An IRB-approved prospective 28 question survey was created by 3 retina specialists (RM, MG, AL) and administered to patients undergoing intravitreal injection therapy at Northwestern Medical Faculty Foundation outpatient retina clinic between June and July 2013. All patients were consented by the same investigator (MF) and completed the survey on their own or with assistance of the investigator. The survey questions were designed to qualitatively assess: patients’ understanding of their diagnosis, factors considered when choosing their treatment, anxiety level regarding treatment, treatment experience, and overall outcomes. In addition, a chart review was performed on each patient to obtain demographic data (age, gender, and insurance status) as well as clinical information including diagnosis, duration of diagnosis, vision at presentation, vision at time of survey, drug used for injection, number of injections received, and frequency of injections.


There were a total of 107 patients surveyed (65 women and 43 men, age 30-96 years). The most common indication for injections in this study was exudative age related macular degeneration. There was objective improvement (increase in 1 line) in best corrected vision in 67% of all patients.

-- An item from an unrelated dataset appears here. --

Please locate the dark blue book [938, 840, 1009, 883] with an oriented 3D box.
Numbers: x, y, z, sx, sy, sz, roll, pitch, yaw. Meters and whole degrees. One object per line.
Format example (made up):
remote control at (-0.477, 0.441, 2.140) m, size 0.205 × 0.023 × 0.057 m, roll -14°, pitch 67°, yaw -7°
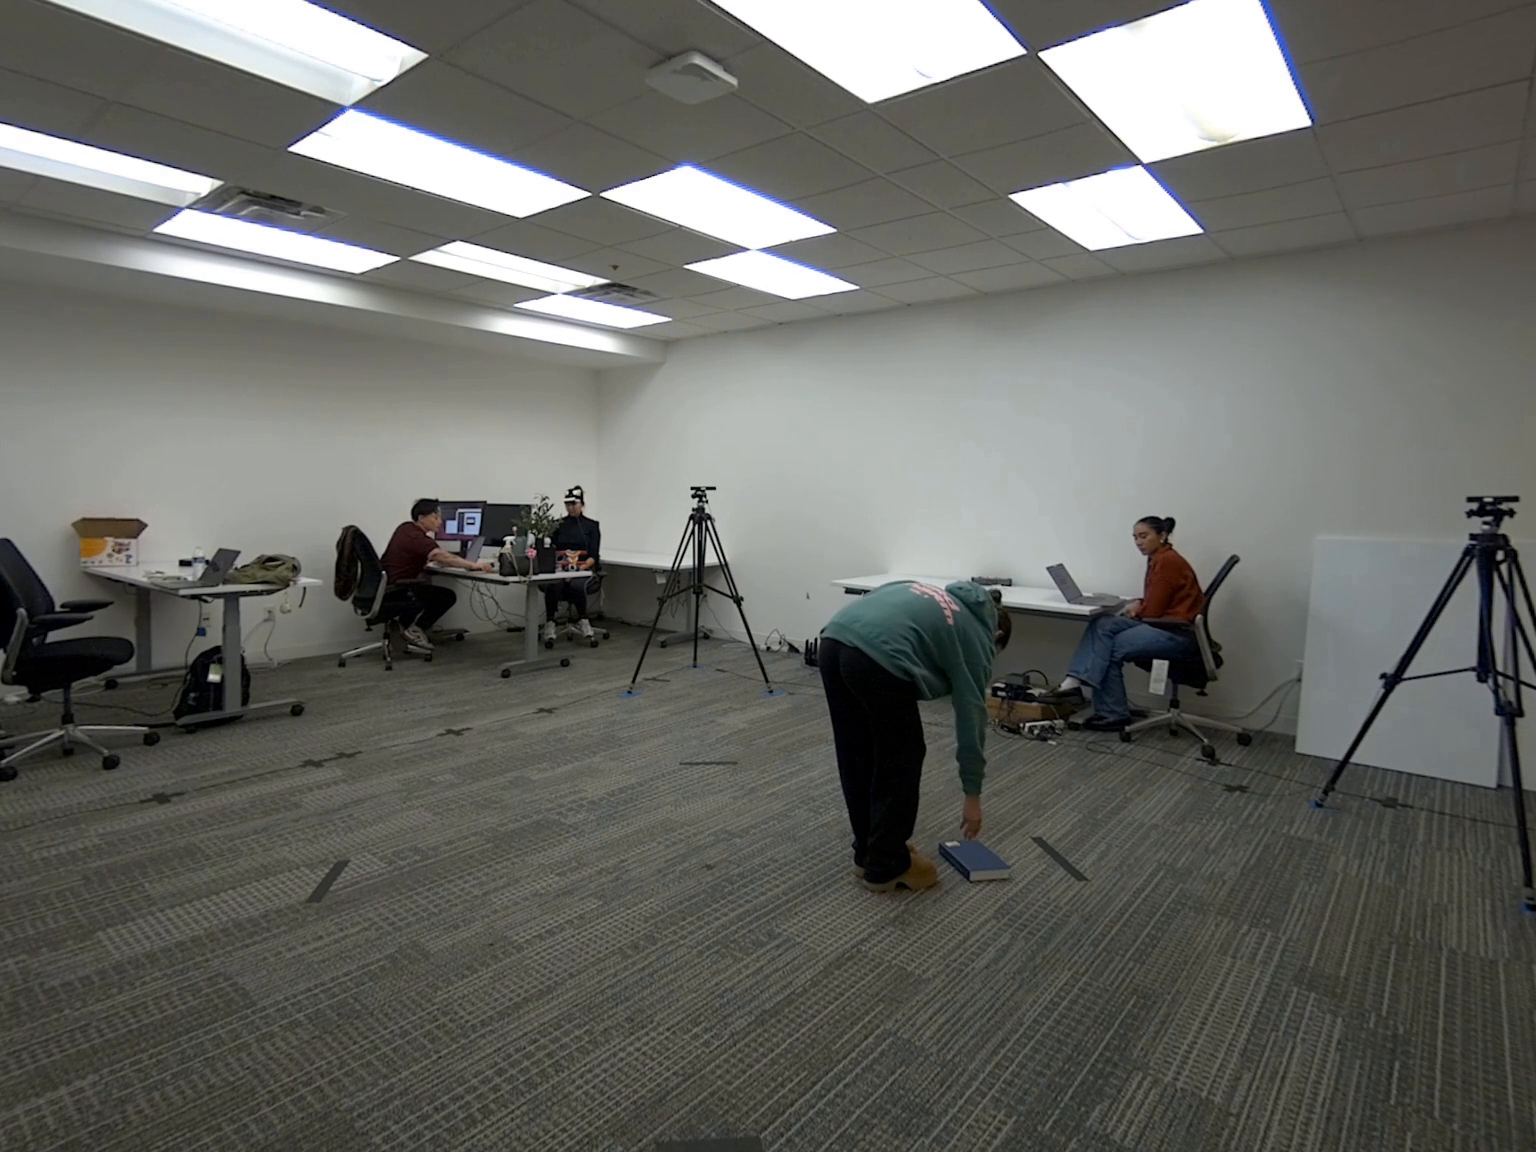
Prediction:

Patients’ perceptions of whether their treatment improved their vision were as follows: 48% noted improvement, 32% did not, and 15% were unsure. Of those who experienced anxiety prior to their first injection, 68% have less anxiety since being treated. In regard to deciding which treatment to choose, 77% of patients rely more on their doctor’s choice, than FDA approval, clinical trials, cost, and interval between injections. Finally, 73% patients surveyed reported that they would be willing to undergo intravitreal injections indefinitely, stating that they understood that receiving injections was better than the alternative.


Despite preconceived notions about intravitreal injections, almost half (48%) of patients subjectively felt that the treatment is improving their vision, and the majority of patients (67%) objectively demonstrated this improvement of acuity. Additionally, most patients surveyed reported their willingness to continue on with intravitreal injections.